Wow, this took me some time! Partly for good reason, too. I set out to not just read the book and proclaim it good (or not), but to also follow along and build my own working Drupal + Ubercart site. And so I did.
But was there pain along the way? Oh yes, there was pain, and then some more. Glitches and screeching-halt gum-ups galore. Here's the important thing, though: Those weren't the fault of the book. Despite quibbles with its content that I'll mention, the book was a great help (and if you're in a rush, let that be your review right there). Rather, I was beset by a succession of hiccups involving Drupal, Ubercart, my hosting service, my local-computer development setup, and probably cranky gremlins too.
I'll save all that for later, so as not to distract from the main review. Let's get on with that:
Ubercart is one of the more popular – perhaps the most popular? – shopping cart solutions ready-made for Drupal. It's a set of tools to build honest-to-gods online shops; see a list of working Ubercart stores engaged in ongoing e-commerce.
Ubercart consists of a suite of modules, which you enable in the usual manner. But don't think that you'll follow the common procedure of enabling modules, poking around the admin options to see what's new, and maybe peeking at documentation only if something's really not clear. You're going to find yourself staring at dozens of core and must-have third party Ubercart modules, with probably dozens more available as options – and no matter how much work the Ubercart developers have put into making things easy to follow, an e-commerce system is, by nature, not a simple thing. There's a whole lot to plan, configure, and test, which is where an expert guide comes in mighty handy.
For my journey into store-building, I decided on a shop with an exotic travel theme: handicrafts and foods from lands afar, along with expedition gear for adventurers. They're imaginary products (for now), but they put Ubercart to the test with categories, size and color options, shipping requirements, and other characteristics that real products would require.
The below is a mixture of book review and diary of my experience, along with first-hand tips on wrangling Ubercart.
Working through Drupal E-Commerce with Ubercart 2X
Drupal E-Commerce with Ubercart 2x (DEU below) was published in March 2010. I received a review copy from the kind people at Packt Publishing, and dove in.
DEU begins with an advance peek at the features of the sample store the reader will build. From there, chapters 1 to 3 move on to overviews, installation guides, and configuration basics for not only Ubercart but also Drupal itself; the book really does strive to be a one-stop guide, taking you from zero to store. There's even a short guide on setting up your own local Drupal environment using tools like XAMPP and phpMyAdmin.
For my part, I didn't start from scratch using DEU's instructions. I began with my own basic sandbox setup on an existing Drupal installation, and jumped into the book from around page 31, where Ubercart modules come into the picture.

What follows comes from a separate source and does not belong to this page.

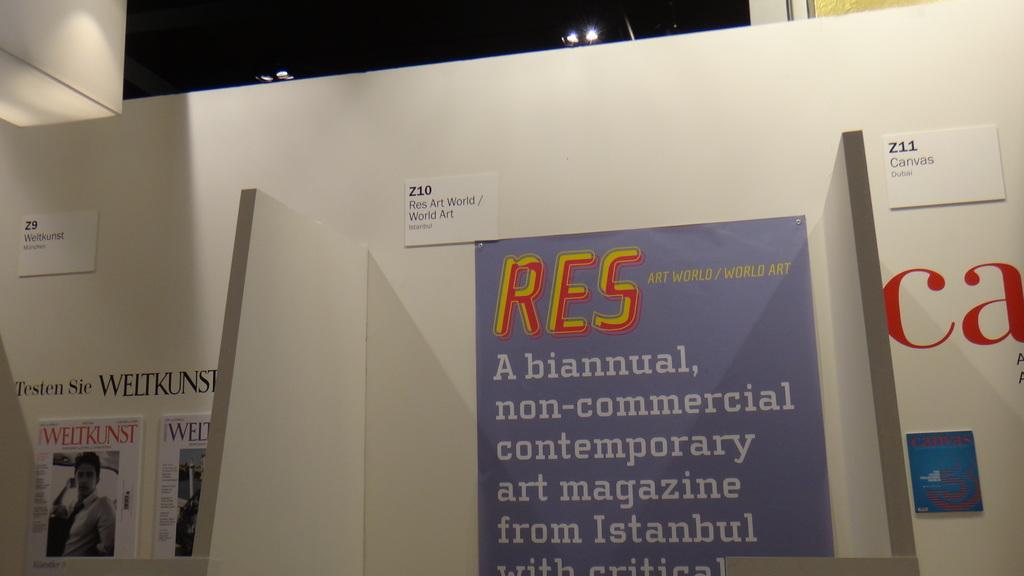Where is the art magazine from?
Offer a terse response. Istanbul.

My chief complaint with DEU also comes in right about there. The text introduces and then waves away the various Ubercart modules with a breezy "Don't worry about installing them all now; we'll do that as we go" – but then neglects to later tell the reader what to install and when. That oversight popped up repeatedly as I forged ahead.
Setting up Ubercart
Midway through chapter 3, DEU shifts without fanfare from Drupal basics to Ubercart setup. Things are fairly straightforward; my only question during the process came at the end, when Store settings allowed me a choice only between the US and Canada. Where's the greater part of the planet? I didn't see an answer in the book, so I decided to follow the Canadian path of metric weights and dimensions for my products.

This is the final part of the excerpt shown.